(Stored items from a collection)
^^^^

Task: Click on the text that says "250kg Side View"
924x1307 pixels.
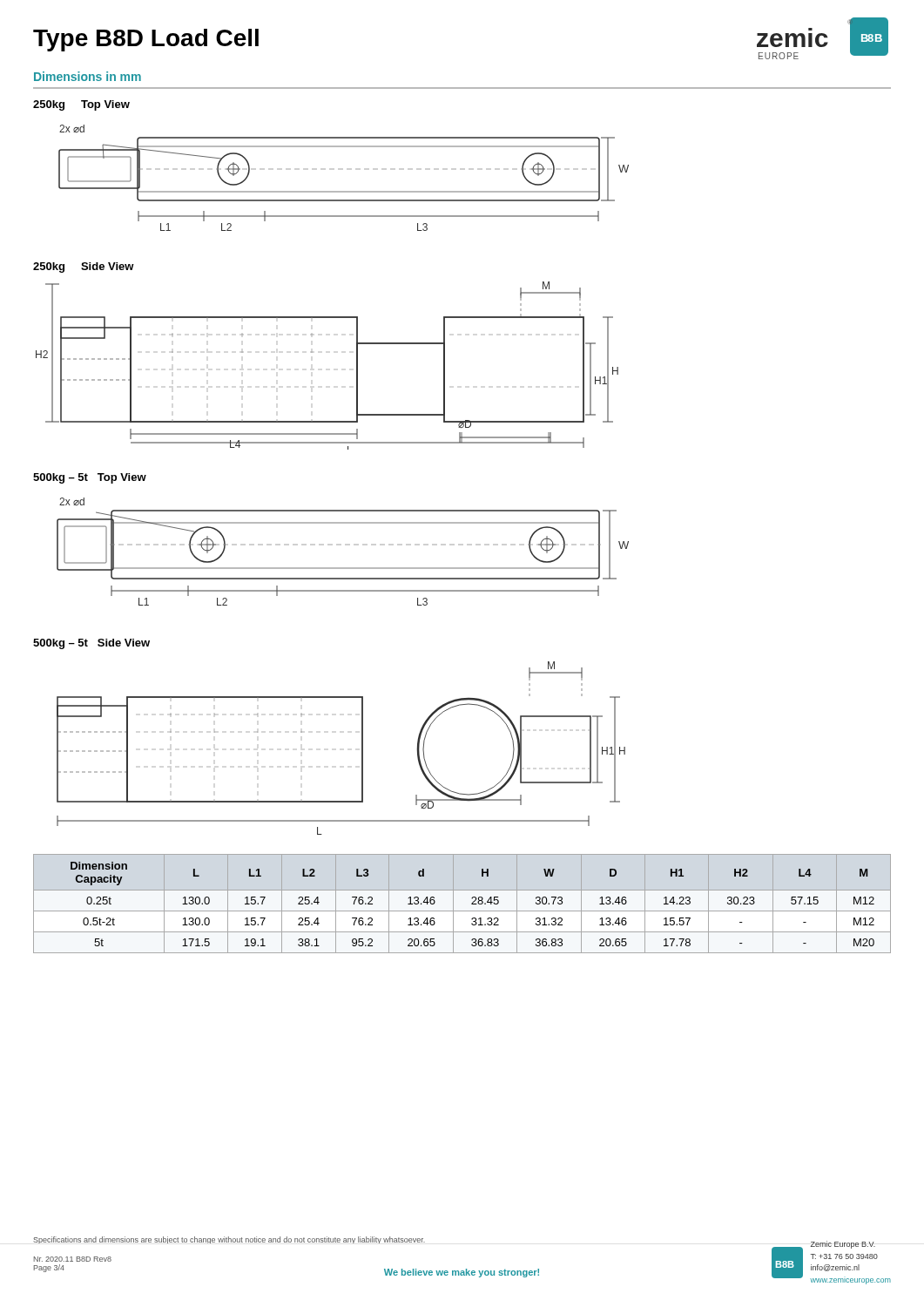Action: [83, 266]
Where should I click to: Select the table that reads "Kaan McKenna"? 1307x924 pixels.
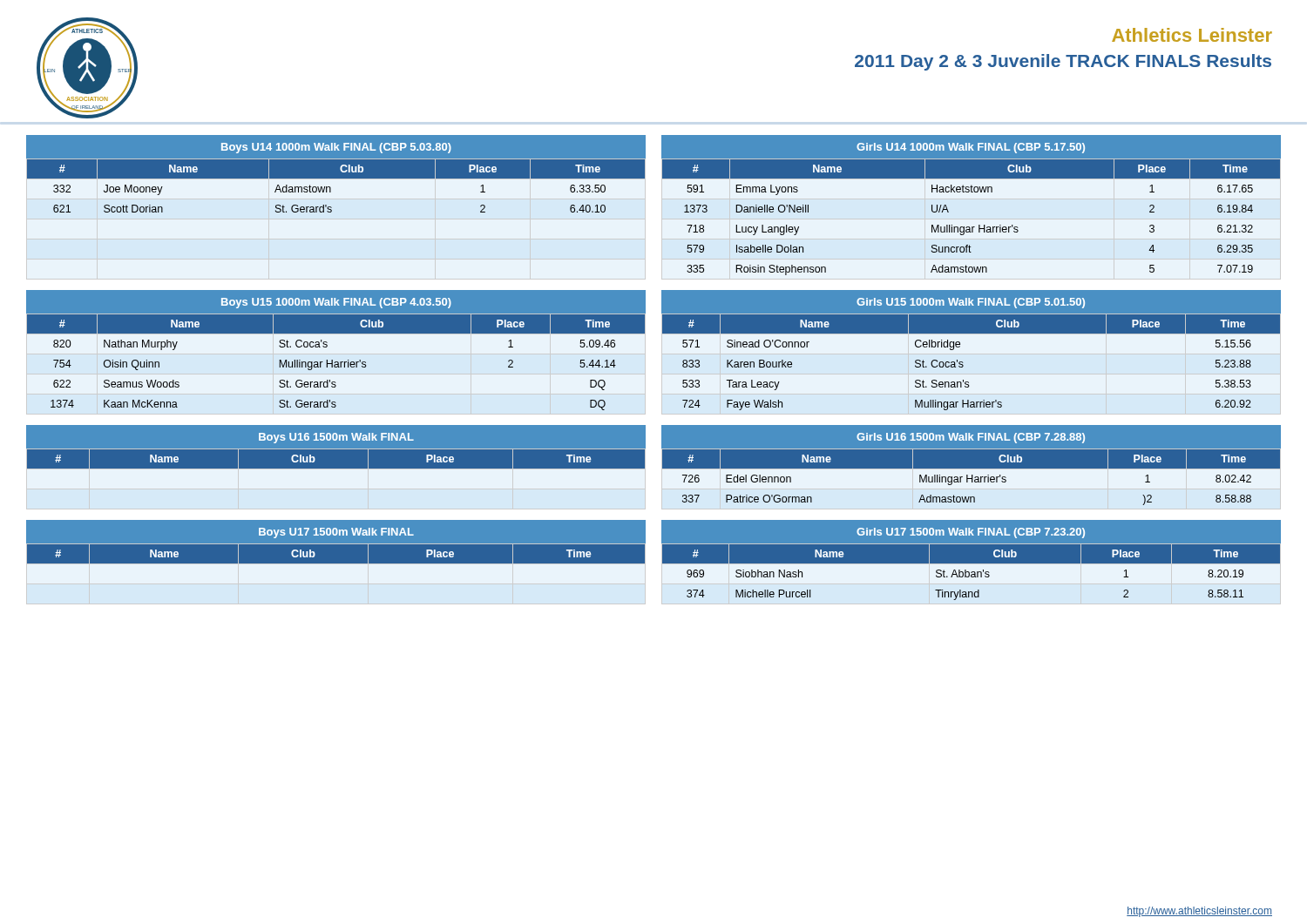(x=336, y=364)
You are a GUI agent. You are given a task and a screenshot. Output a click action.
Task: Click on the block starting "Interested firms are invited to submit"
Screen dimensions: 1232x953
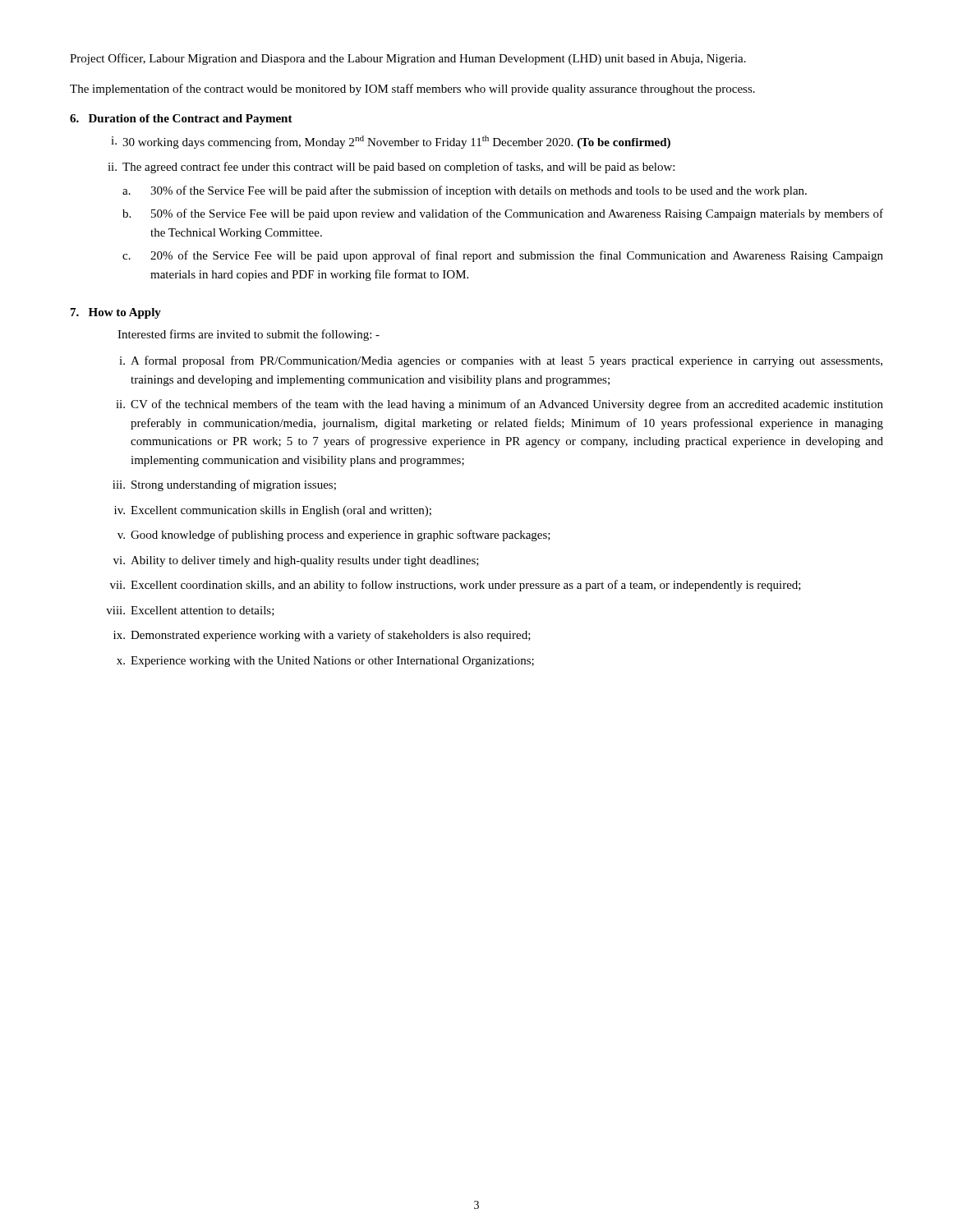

^^^^

The data above must be given again in full and unaltered, minus its images.

Answer for the task —
Task: Click on the text that says "250kg Side View"
924x1307 pixels.
Action: [83, 266]
Where should I click to: Select the table that reads "Kaan McKenna"? 1307x924 pixels.
(x=336, y=364)
You are a GUI agent. You are given a task and a screenshot. Output a click action.
Task: Click on the block starting "Interested firms are invited to submit"
Screen dimensions: 1232x953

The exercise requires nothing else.